Repository files navigation

SRE Agent MCP Server

Python License FastMCP uv

Table of Contents


The Problem

Production incident response is one of the most high-pressure, time-sensitive activities in software engineering. When a service goes down at 3 AM, an on-call Site Reliability Engineer (SRE) is paged and must answer a cascade of questions under extreme time pressure:

  • What is actually broken? Is it a single endpoint, an entire service, or a cascading failure across multiple systems?
  • What changed? Was there a recent deployment, a configuration change, or an infrastructure event that correlates with the start of the incident?
  • Where is the evidence? Logs, metrics, and traces are scattered across different observability platforms. The engineer must query each one individually, mentally correlate timestamps, and piece together a timeline.
  • What does the runbook say? Most teams maintain runbooks for known failure modes, but finding the right runbook and following its steps while simultaneously investigating is cognitively demanding.
  • What is the fix? Once the root cause is identified, the engineer must decide on remediation: rollback a deployment, scale infrastructure, toggle a feature flag, or apply a hotfix. Each option carries risk.

This process is slow, error-prone, and mentally exhausting. Studies show that Mean Time to Resolution (MTTR) for production incidents averages 1-4 hours across the industry, with a significant portion of that time spent on the investigation phase rather than the actual fix. During an outage, every minute costs money: lost revenue, SLA violations, customer churn, and engineering productivity drain.

The core challenge is that incident triage is fundamentally a multi-step reasoning task that requires gathering evidence from multiple sources, forming hypotheses, testing them against data, and arriving at a root cause. Today, this reasoning happens entirely in the engineer's head, with no structured framework to guide the investigation or prevent cognitive shortcuts that lead to wrong conclusions.

Why Existing Tools Fall Short

Current incident response tooling addresses individual pieces of the puzzle but not the investigation workflow itself:

  • Observability platforms (Datadog, Grafana, New Relic) are excellent at storing and visualizing data, but they don't reason about what the data means or guide investigation.
  • Alerting systems (PagerDuty, OpsGenie) notify the right person, but provide no investigation support beyond the initial alert context.
  • Runbook tools (Confluence, Notion) store institutional knowledge, but there's no automated way to match symptoms to the right runbook or verify that its steps are being followed.
  • ChatOps bots (custom Slack bots) can query individual data sources, but lack the ability to plan a structured investigation or synthesize findings across sources.

What's missing is an intelligent orchestration layer that can take a natural-language description of symptoms, plan a structured investigation, execute it by querying the right tools in the right order, and synthesize the results into an actionable incident report with remediation proposals.

What SRE Agent Does

SRE Agent is a domain-specific MCP server that acts as an AI-powered first responder for production incidents. It bridges the gap between raw observability data and actionable incident response by automating the investigation workflow that SREs currently perform manually.

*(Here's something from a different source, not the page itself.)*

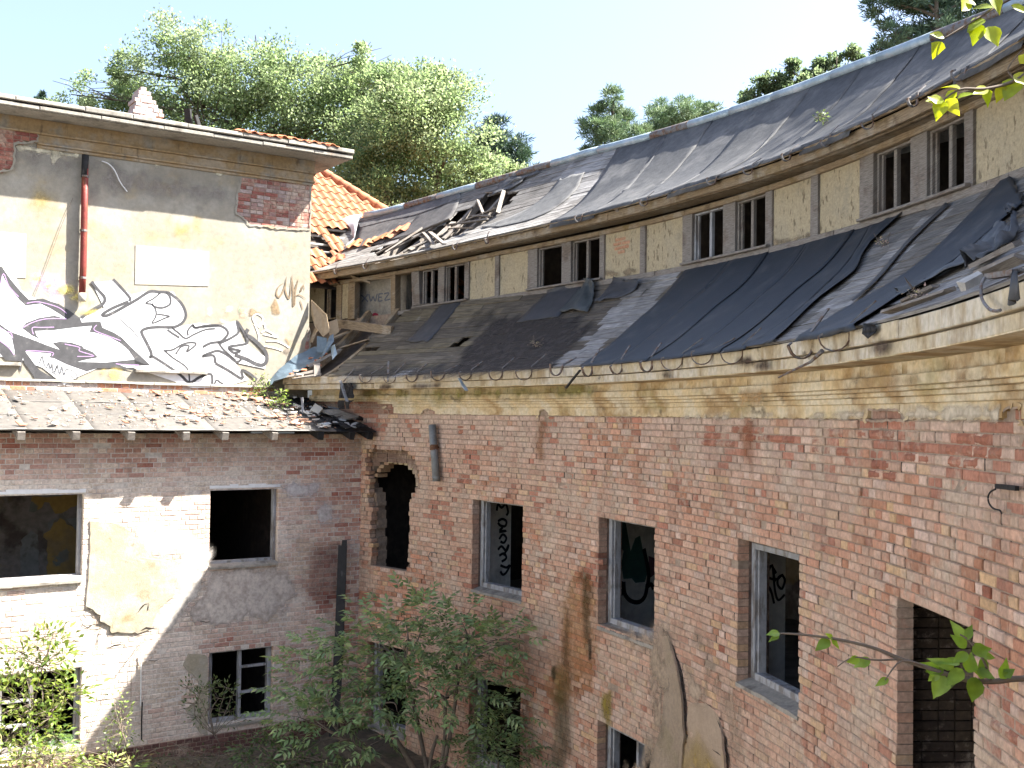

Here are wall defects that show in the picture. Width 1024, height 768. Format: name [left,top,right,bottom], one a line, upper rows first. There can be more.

flaking render [0,129,79,173]
flaking render [235,176,312,231]
spalling [367,444,421,502]
water stain [602,692,611,723]

When an on-call engineer reports symptoms (e.g. "Prod checkout is spiking 500s since 14:05 UTC"), the server:

  1. Plans the investigation — An LLM-powered orchestrator analyzes the symptoms, generates ranked hypotheses (e.g. "bad deployment", "dependency failure", "resource exhaustion"), and produces a structured triage plan with phased tasks and dependency ordering.

  2. Executes the investigation in parallel — Specialized workers query logs, metrics, deployment records, and runbooks simultaneously. Same-phase tasks run in parallel for speed; cross-phase dependencies are enforced automatically.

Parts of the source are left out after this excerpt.